I saw an article today summarizing research that found that delayed physician rounding increases postpartum women’s satisfaction with their hospital experience and patient-physician communication. And I for one totally understand this having once been a postpartum woman (and not particularly a happy one when I was woken up early despite trying to cling to every last second of sleep I could find).
The point of the article is a great one – and one that is increasingly being made within healthcare research: patients don’t like being (totally) at the mercy of ‘the system.’ And the patient voice is getting louder and stronger.
So back to the topic of rounding, that typically once a day meeting between the doctor (or team of doctors) and the patient. Over time, patients have come to expect that this interaction is 1. Something they will never have any control over and 2. Is likely to happen at the most inopportune moment possible. Ever been in the hospital either as the adult child of the patient or as the parent of the pediatric patient? In either case, you might spend hours sitting at the bedside wanting to ask the doctor a burning question about a meds change, lab results or discharge timing – and the minute you think, I really need to get coffee/find food/move the car/use the bathroom – just know that your patient will be seen as soon as you leave the floor.
Beyond understanding that patients want more control over their hospital experience, hospitals are starting to invest in technology to measure what matters in order to understand the detractors of satisfaction. But what about technology that can also help make or suggest the changes that will enhance a patient’s satisfaction? Take our Assign solution as one example. This technology was created to mitigate the pain that many provider teams feel around the process of making daily patient assignments. This tends to be manual and often random in nature (beyond preserving continuity in assignment within an admission). So in other words, doctors must take the time to create the patient lists, but they don’t truly have enough time to gather all of the data available to make the best assignment.
For groups that invest in Assign, the above process becomes standardized and automated. And this means that data is available that can be reported against, yielding insight that can be leveraged for its predictive capabilities. What do I mean by this? Well, Assign’s logic creates optimized rounding lists that are also appropriately load balanced. Acuity can also factor in here and over time, patterns emerge around encounter visit length for each level of care. Imagine I am #7 on the list and given the 6 other patients ahead of me, and their acuity levels, the team anticipates seeing my at 11:00. Wouldn’t it be great to get a text or message with that ETA? And if it has to be earlier or later, another simple update relays that change.
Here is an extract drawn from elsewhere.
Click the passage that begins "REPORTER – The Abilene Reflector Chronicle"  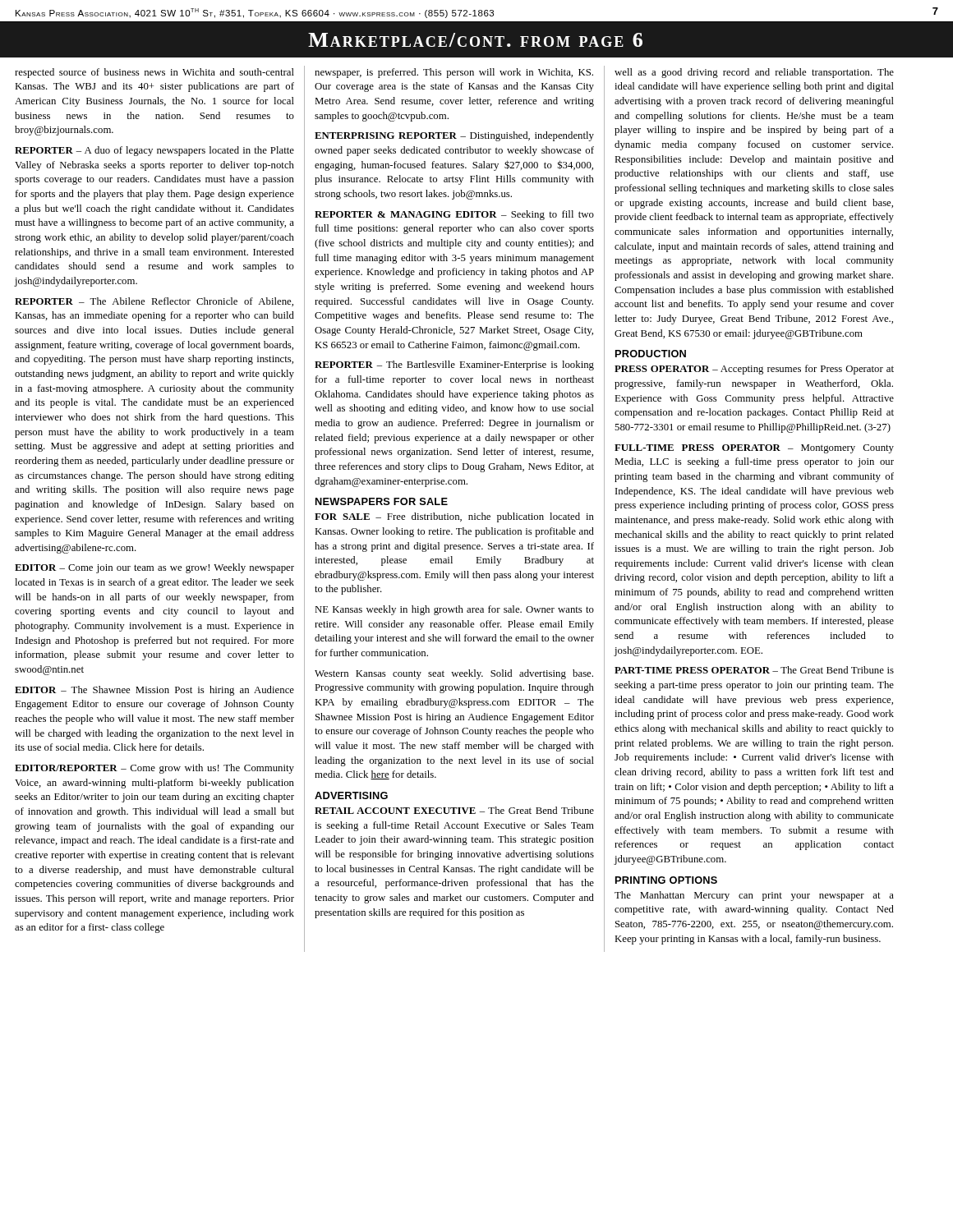coord(154,425)

At the end of the day patients are consumers – consumers who can drive from home to work with real-time knowledge of traffic issues, check in to hotels from the plane, make ANY reservation from their phone and so forth. We are essentially impatient. Hospitals that can operate like businesses that are laser focused on retaining their customers and getting better word of mouth/referral business will invest in the technology solutions that can deliver every aspect of satisfaction, not just those focused on the clinical care. If I’m admitted, I don’t want to acquire an infection, but I also don’t want my door opened and closed 12 times overnight, can’t stand beeping pumps, and shouldn’t have to wear fleece in the summer. It all matters.